God came to prophets of old in the Bible. He came to Abram and told him to go into a land that He would give him. It says in Hebrews 11 that Abraham “went out, not knowing whither he went.” God told the prophet Isaiah to walk “naked and barefoot” for three years. Why? You can read about this in Isaiah 20. In that chapter, there were a couple of verses that God applied to the Ethiopians where God discusses how they were taken captive in relation to Isaiah being told to walk naked and barefoot for three years – and this is what Isaiah did; he wore no clothes.

Things like this are not very reasonable when we apply our own thinking and our own understanding and our own reasoning to God’s commandments. God said to Abraham, “Take now thy son, thine only son Isaac,” who was the son of the promise, “and get thee into the land of Moriah; and offer him there for a burnt offering.”

Where was this reasonable? Where does this make sense? Yet the response of God’s people to these things was obedience. They did it and they did not question it. They did not question God left and question God right and question Him up and question Him down. They heard it and they did it. They obeyed. They were trusting in the Lord. They were trusting in God and in His Word.

Regarding trusting in God, look at Psalm 119. We read in Psalm 119:42:

So shall I have wherewith to answer him that reproacheth me: for I trust in thy word.

We trust in Thy Word, the Bible. It is synonymous: trust God, trust His Word. They are one and the same. Do we trust God if we do not trust His Word?
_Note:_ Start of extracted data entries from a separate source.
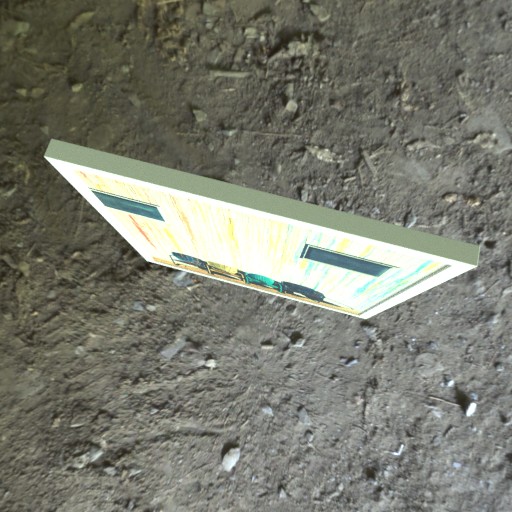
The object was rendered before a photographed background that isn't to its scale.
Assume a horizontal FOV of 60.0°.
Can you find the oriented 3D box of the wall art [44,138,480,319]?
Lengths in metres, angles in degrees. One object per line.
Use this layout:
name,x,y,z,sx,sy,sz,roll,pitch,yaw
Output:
wall art,0.000,0.000,1.123,0.760,0.760,0.036,15,76,4
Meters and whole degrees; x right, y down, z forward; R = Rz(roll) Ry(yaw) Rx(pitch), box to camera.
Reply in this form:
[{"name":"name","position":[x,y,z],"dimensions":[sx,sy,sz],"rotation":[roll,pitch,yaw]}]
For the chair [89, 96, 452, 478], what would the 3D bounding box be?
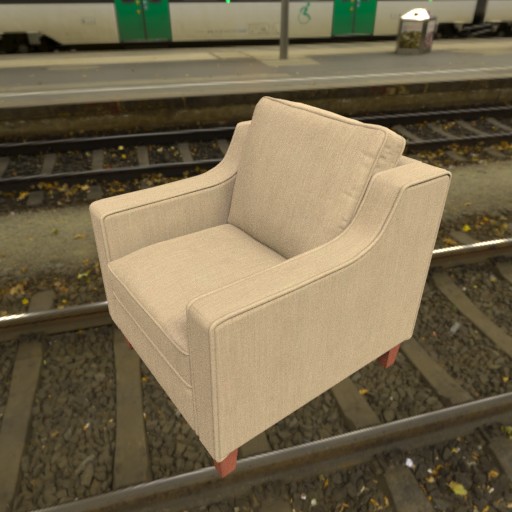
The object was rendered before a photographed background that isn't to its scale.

Then we really do not trust God, because the Word comes forth from Him.

It is a great blessing and privilege that we have the whole Bible, that we have the Scriptures and that God has opened up and revealed many things, including the Day of Judgment. It is all coming from the Bible. The information is there. Anyone can check this out. If anyone wants to take a little time, they could read the booklet, We Are Almost There! This is available free from Family Radio’s website (www.familyradio.com). You could read it there or you could ask them to send you a free copy and they will. This shows where in the Bible we can find the information pointing to May 21, 2011.

But a lot of people do not trust the Bible; they do not trust God. They do not trust His Word. This is why they say that this is not going to happen. They do not think that it is even possible that this will happen. We can ask them to look at this verse and that verse, but then they can also quote a couple of verses; for example, “of that day and that hour knoweth no man,” and verses like this.
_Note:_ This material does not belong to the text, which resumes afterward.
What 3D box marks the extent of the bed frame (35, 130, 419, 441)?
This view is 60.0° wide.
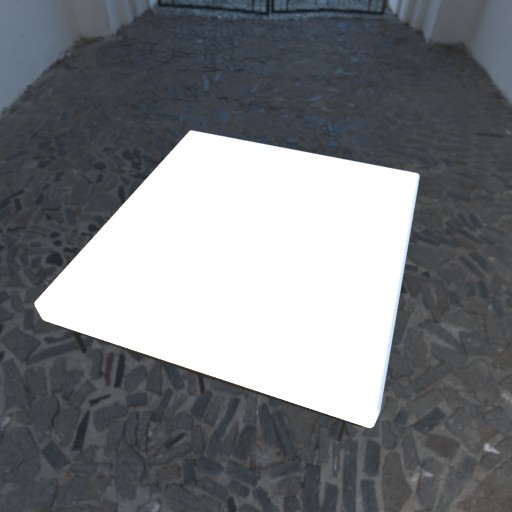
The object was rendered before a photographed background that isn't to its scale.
[{"bbox_3d":[0.000,0.000,3.104,1.935,0.525,2.033,14,47,14],"label":"bed frame"}]

But, really, when people do this, when they look in the Bible, not to see if something is so, but instead to go into the Word with a more negative mindset, they wind up going to the Bible for the purpose of trying to prove that something is not so; and if they go with this mindset, God will allow this. He will allow people to search the Scriptures in order to find what they want to find. For example, someone can try to prove that there is no election, that people are saved by their own free will. They can do this if they have a wrong way of approaching the Bible. If they do not allow the Bible itself to instruct and to teach them, then people can do this.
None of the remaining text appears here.